There are software products to address these data ‘problems’ in qualitative research, from transcription to analysis, and there have been for many years. Unsavory tasks ahead? Automate the process of moving from audiotape to transcript so you can get to the ‘real stuff’ quicker. Not sure whether there are great connections to support your theory-building? Try some analysis software to see what pops out. Each time I’d caution my students against using these ‘time-savers’, however, because of what you lose in between the lines. You may gain time and lower your frustration level, but you lose your thoroughness of interaction with a set of data in a way which increases your insight and intuition while predicting and solving other issues down the road. You miss the building of excitement that can happen while you’re waiting to get to the patterns and find the ‘answers’. You get 70% (at most) of what the data has to say with this approach. When you invest this time rather than automate it away, you get that other 30% of information back which can make all the difference when you’re presenting the results to others and trying to stand out in a sea of researchers. Struggling through the mire is very useful in qualitative research, and teaches the researcher the time-tested ways of thoroughly knowing your data, correcting for human bias through procedures, and finding emergent patterns in a large volume of information. You can’t buy better experiences than those in the long-term.

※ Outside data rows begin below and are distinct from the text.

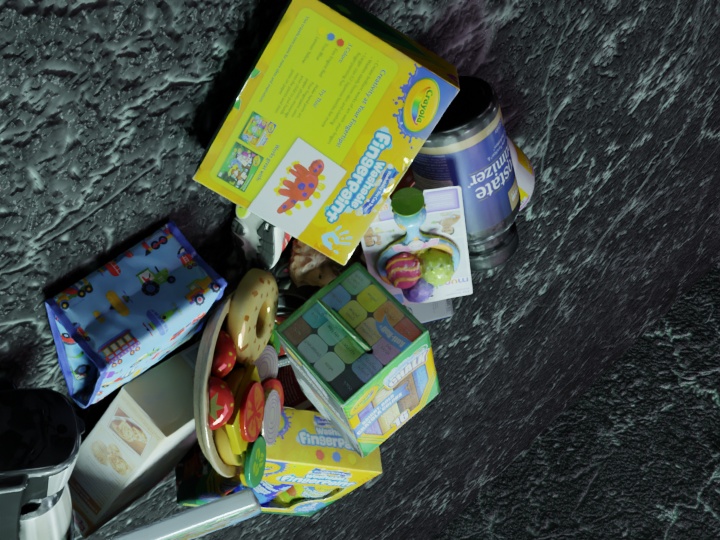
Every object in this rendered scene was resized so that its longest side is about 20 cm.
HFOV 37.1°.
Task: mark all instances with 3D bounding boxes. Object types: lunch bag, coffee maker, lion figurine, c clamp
[{"bbox_3d":[-0.227,0.067,1.093,0.150,0.094,0.201,-36,165,-27],"label":"lunch bag"},{"bbox_3d":[-0.365,0.218,1.030,0.191,0.135,0.201,-28,151,-34],"label":"coffee maker"},{"bbox_3d":[-0.021,-0.075,1.154,0.121,0.072,0.202,-17,132,-27],"label":"lion figurine"},{"bbox_3d":[-0.128,0.095,1.247,0.197,0.027,0.172,-20,128,11],"label":"c clamp"}]

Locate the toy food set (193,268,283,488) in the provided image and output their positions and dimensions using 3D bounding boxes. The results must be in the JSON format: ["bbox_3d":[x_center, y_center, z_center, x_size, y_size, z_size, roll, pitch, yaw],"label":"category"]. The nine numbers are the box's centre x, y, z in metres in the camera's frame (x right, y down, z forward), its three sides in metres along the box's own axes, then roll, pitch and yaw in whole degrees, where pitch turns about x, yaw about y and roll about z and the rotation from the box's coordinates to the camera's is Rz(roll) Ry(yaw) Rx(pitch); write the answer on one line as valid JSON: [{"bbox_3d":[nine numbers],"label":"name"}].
[{"bbox_3d":[-0.120,0.116,1.123,0.202,0.048,0.200,-74,161,-46],"label":"toy food set"}]

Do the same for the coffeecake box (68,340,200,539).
[{"bbox_3d":[-0.238,0.185,1.193,0.200,0.073,0.153,-49,171,32],"label":"coffeecake box"}]

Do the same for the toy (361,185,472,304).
[{"bbox_3d":[0.062,-0.008,1.160,0.113,0.048,0.201,-8,141,5],"label":"toy"}]

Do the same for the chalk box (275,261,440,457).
[{"bbox_3d":[-0.003,0.088,1.160,0.123,0.124,0.201,-38,152,-14],"label":"chalk box"}]

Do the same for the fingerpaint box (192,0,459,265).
[{"bbox_3d":[-0.032,-0.135,0.972,0.201,0.165,0.074,-56,-167,24],"label":"fingerpaint box"}]

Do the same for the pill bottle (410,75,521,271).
[{"bbox_3d":[0.116,-0.102,1.184,0.111,0.111,0.202,-36,130,-19],"label":"pill bottle"}]

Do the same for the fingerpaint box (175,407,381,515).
[{"bbox_3d":[-0.102,0.236,1.312,0.198,0.074,0.166,14,143,-34],"label":"fingerpaint box"}]

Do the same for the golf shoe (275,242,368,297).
[{"bbox_3d":[0.000,0.000,1.261,0.197,0.089,0.077,-19,175,4],"label":"golf shoe"}]

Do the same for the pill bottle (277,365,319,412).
[{"bbox_3d":[-0.078,0.162,1.397,0.199,0.114,0.112,-32,167,34],"label":"pill bottle"}]

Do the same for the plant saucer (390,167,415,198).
[{"bbox_3d":[0.019,-0.133,1.230,0.199,0.032,0.201,-36,153,-21],"label":"plant saucer"}]

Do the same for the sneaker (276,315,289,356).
[{"bbox_3d":[-0.093,0.066,1.321,0.197,0.077,0.074,-16,103,-25],"label":"sneaker"}]

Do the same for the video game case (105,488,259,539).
[{"bbox_3d":[-0.206,0.287,1.176,0.197,0.022,0.182,-19,167,-8],"label":"video game case"}]

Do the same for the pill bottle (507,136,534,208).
[{"bbox_3d":[0.156,-0.127,1.356,0.105,0.104,0.200,-49,163,9],"label":"pill bottle"}]

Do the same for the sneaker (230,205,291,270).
[{"bbox_3d":[-0.082,-0.093,1.104,0.085,0.076,0.201,-50,170,-44],"label":"sneaker"}]

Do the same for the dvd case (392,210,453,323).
[{"bbox_3d":[0.052,-0.003,1.385,0.024,0.153,0.199,-8,180,35],"label":"dvd case"}]

The second bellwether comes from a different field entirely, and is a hobby for most who engage. I’m a longtime knitter and crocheter and I’ve taught a few hundred people to knit or crochet over the years. Each time I teach the yarn arts, I ask the student to bring a skein of yarn and a crochet hook to our session. Our first task isn’t to chain or learn a beginning stitch, though, it’s to make a ball of yarn from the skein. It’s part of the planning process, I say. We have to get to know our yarn first, to predict problems down the line and find out if this specific yarn is the best choice for what we’re making. We need to feel the yarn in our fingers, familiarize ourselves with the weight, drape, and shape of the strand. How does it split? Is that a feature or a problem? Are there any unexpected knots or frays hiding inside that skein? We should know this before we start our time-intensive alchemy from a mess of yarn to a finished scarf. Sure, we can make a scarf without this metadata… but it most likely won’t be as smooth of a working-up process or result in as polished of a finished product. Yet, the balling of yarn is seen by many as the janitor-work of the crafting world. There are many ways of automating the process with a ball winder or yarn caker – all of which omit the touching of the yarn by human fingers to gauge its usefulness and character while informing the rest of the process. I find this choice a mistake, and again to be short-sighted.
I hope these examples help you think more deeply about your own data cleaning issues and/or opportunities, and consider what you may lose or gain from automating these processes in your work. Happy Wrangling, whether it happens with thorny csv files or soft bamboo yarns!